Heh, I know the feeling. Almost every time I have to write a paper or prepare a poster I find great information/sources in the days after it is already too late.

I'm not too sure I can answer your question to the extent that you would like. There haven't been that many studies which really set out to resolve the contributing effects of different variables, and it's a bit of a lame excuse but the paper was not so much about ecosystem recovery but more on the immediate impacts, so we weren't always looking in detail at longer term recovery issues.

Fair enough. Especially since it is a review paper. I was mostly curious if you had any "educated guesses," so to speak, or anecdotal evidence from your work that would lead you to have a theory one way or the other, even if it isn't solid/empirical enough for publication.

I don't think you would have a competition between a surface heating and a soil cooling effect beneath a dark coloured tephra - as you point out from our quote, darker tephras (common to low-Si eruptions) absorb more light and induce warming, this warming should also be transmitted into the underlying soil.

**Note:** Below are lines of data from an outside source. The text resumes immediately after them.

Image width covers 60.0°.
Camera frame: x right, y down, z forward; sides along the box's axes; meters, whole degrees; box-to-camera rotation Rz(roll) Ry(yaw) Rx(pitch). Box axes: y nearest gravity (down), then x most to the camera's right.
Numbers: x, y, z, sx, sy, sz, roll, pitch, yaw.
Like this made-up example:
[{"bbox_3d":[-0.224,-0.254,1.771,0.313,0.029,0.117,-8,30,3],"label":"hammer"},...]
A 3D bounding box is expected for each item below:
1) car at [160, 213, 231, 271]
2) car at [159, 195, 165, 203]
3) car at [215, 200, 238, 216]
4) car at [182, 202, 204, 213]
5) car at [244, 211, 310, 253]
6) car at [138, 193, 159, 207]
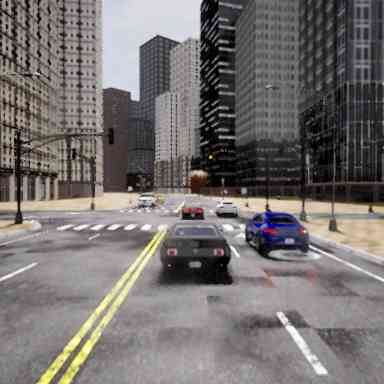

I guess here is where the depth of the tephra layering would come in. Theoretically, there is some depth at which the surface heating would only transfer negligible heat to the substrate, though I don't know what that thickness might be, or whether that thickness occurs commonly enough in natural conditions for it to even worry about.

All in all, I think if you're talking specifically about rooting through the deposit, I can imagine that it's very much these sorts of things that are the most problematic. However, if it penetrates the deposit and survives, the plant might then be growing in a warmer soil might experience different water use requirements, stresses, and I'm speculating here, but perhaps even different pathogens and disease, than it would have done in the pre-eruptive environment. This may result in more long term changes, but I'm not really sure what those would be. We'd need a plant biologist to say what the response to a long-term stress would be on an affected ecosystem.

Is that any help?

Yes, quite a bit. This field is nowhere near my areas of expertise, but I find it interesting nonetheless.